Haven't pressed the button yet!

Toffin


----------



## Janev1000 (Oct 4, 2011)

I think it looks a pretty good price with H bar too. Am tempted to press the button myself! x


----------



## wilfiboy (Sep 18, 2010)

Bought mine on ebay i think it was about £60 amybe £70, sorry cant remember x


----------



## MillieDog (Jun 1, 2011)

Alas, it not just the grooming table. It soon grows.... decent scissors, clippers, good brush, de-matters, combs. I would never have believed it could cost so much. But worth every penny


----------



## Toffin (Aug 8, 2012)

Many thanks for all your comments 

Regarding clippers, I do have Wahl clippers and see there's a no. 12 attachment (1.5") with wide teeth that you can get through Amazon. But internet chatter suggests very strongly that human clippers aren't at all suitable for a thick coated dog.

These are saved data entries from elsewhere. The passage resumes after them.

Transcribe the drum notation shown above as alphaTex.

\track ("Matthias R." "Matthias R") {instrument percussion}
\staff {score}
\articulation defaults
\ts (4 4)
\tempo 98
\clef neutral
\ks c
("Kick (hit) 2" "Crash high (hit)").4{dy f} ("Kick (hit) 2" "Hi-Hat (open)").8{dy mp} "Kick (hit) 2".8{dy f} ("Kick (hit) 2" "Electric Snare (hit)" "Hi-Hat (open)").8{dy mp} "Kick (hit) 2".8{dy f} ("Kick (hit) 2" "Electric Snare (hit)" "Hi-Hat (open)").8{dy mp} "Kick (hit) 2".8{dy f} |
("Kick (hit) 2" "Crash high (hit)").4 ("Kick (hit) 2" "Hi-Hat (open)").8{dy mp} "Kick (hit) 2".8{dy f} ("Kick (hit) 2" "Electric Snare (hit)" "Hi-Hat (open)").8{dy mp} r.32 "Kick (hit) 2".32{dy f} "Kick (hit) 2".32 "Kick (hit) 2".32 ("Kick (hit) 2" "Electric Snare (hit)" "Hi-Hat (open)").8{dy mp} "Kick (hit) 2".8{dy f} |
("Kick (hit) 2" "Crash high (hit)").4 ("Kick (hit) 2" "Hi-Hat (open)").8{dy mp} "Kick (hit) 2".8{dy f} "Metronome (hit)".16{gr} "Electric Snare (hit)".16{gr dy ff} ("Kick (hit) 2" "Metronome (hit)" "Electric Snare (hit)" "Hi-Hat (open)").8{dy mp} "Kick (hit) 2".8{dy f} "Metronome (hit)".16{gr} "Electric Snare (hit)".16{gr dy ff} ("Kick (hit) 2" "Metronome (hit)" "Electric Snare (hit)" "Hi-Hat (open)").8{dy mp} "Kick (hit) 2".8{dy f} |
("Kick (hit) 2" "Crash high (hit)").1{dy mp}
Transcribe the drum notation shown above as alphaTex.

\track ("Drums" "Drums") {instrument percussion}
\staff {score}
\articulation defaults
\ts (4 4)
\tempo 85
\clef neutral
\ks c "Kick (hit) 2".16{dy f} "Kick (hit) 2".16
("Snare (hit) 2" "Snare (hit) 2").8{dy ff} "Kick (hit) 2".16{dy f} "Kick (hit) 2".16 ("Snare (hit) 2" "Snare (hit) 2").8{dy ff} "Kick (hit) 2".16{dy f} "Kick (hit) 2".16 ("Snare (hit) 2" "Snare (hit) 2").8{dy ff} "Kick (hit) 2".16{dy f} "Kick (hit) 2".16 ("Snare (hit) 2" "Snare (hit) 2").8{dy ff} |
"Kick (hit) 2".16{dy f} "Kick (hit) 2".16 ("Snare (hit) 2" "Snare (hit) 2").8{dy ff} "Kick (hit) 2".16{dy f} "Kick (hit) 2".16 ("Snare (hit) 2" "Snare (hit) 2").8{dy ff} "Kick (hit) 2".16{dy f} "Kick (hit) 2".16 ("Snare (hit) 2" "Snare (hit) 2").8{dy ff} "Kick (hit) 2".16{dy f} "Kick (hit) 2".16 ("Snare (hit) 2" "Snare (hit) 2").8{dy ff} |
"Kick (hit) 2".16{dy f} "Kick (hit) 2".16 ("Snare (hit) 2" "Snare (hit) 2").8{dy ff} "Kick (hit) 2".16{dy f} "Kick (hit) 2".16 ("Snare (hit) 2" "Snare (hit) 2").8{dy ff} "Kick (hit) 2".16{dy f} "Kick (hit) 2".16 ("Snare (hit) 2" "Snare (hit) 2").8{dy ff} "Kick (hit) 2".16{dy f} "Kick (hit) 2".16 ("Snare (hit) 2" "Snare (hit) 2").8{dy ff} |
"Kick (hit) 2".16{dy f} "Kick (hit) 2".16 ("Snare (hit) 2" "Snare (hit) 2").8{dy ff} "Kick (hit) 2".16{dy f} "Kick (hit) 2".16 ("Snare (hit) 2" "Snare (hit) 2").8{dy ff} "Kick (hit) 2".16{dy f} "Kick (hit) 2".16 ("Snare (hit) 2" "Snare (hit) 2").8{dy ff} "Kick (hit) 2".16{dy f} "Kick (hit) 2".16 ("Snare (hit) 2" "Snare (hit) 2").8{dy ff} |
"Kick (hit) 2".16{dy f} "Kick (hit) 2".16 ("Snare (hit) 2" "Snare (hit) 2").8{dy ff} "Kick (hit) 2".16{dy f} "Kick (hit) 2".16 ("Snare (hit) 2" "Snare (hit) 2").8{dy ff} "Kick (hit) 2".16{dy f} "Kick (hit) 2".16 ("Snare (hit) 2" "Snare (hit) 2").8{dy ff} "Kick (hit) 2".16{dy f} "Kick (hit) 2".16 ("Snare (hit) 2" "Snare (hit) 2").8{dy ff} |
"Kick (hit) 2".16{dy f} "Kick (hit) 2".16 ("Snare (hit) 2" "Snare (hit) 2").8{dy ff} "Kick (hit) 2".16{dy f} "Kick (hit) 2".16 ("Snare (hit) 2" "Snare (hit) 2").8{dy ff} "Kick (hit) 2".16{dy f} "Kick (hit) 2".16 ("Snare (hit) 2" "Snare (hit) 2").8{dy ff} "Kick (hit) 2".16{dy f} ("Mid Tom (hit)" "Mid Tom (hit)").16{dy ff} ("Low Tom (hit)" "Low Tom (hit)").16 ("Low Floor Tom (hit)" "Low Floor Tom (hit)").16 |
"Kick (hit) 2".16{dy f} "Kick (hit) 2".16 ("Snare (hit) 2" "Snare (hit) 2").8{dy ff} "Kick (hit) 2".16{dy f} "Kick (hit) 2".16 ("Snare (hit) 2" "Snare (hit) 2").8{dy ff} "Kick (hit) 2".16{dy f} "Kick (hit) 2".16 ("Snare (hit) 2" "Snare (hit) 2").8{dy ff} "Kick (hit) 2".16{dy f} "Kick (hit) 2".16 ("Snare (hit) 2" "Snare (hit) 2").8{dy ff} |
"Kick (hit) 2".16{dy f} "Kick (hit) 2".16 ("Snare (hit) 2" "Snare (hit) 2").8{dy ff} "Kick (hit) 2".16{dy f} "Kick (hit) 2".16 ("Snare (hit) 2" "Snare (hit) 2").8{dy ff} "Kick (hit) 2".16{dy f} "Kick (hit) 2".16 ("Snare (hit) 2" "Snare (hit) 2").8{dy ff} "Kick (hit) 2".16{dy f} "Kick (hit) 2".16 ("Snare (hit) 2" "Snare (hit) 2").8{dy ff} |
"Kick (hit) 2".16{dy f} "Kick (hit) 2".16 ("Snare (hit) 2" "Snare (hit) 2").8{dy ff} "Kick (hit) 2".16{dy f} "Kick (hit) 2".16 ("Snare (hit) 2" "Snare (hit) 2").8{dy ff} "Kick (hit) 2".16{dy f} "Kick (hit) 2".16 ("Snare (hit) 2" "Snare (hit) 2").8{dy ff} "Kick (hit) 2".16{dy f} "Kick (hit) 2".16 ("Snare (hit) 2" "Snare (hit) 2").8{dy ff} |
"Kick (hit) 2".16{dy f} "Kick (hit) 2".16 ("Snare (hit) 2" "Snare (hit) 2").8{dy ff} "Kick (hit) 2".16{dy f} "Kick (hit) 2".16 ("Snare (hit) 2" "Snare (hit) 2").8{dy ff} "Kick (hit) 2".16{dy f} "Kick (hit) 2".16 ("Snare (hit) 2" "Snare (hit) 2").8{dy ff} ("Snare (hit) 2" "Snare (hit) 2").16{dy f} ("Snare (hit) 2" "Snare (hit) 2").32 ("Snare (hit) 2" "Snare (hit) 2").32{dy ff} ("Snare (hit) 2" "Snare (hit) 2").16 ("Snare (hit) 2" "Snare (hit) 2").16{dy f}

I'm quite happy to get a set of clippers specifically designed for dogs, but just wondered if this just a marketing ploy to get people to buy another set of clippers?

What do home groomers use? I'd like to keep Polly to a shortish teddy bear cut and am quite prepared to clipper her every three weeks to achieve this (I have my own hair trimmed at the same interval - we can time it so we both look like shorties together!).

Many thanks for your advice 

Toffin


----------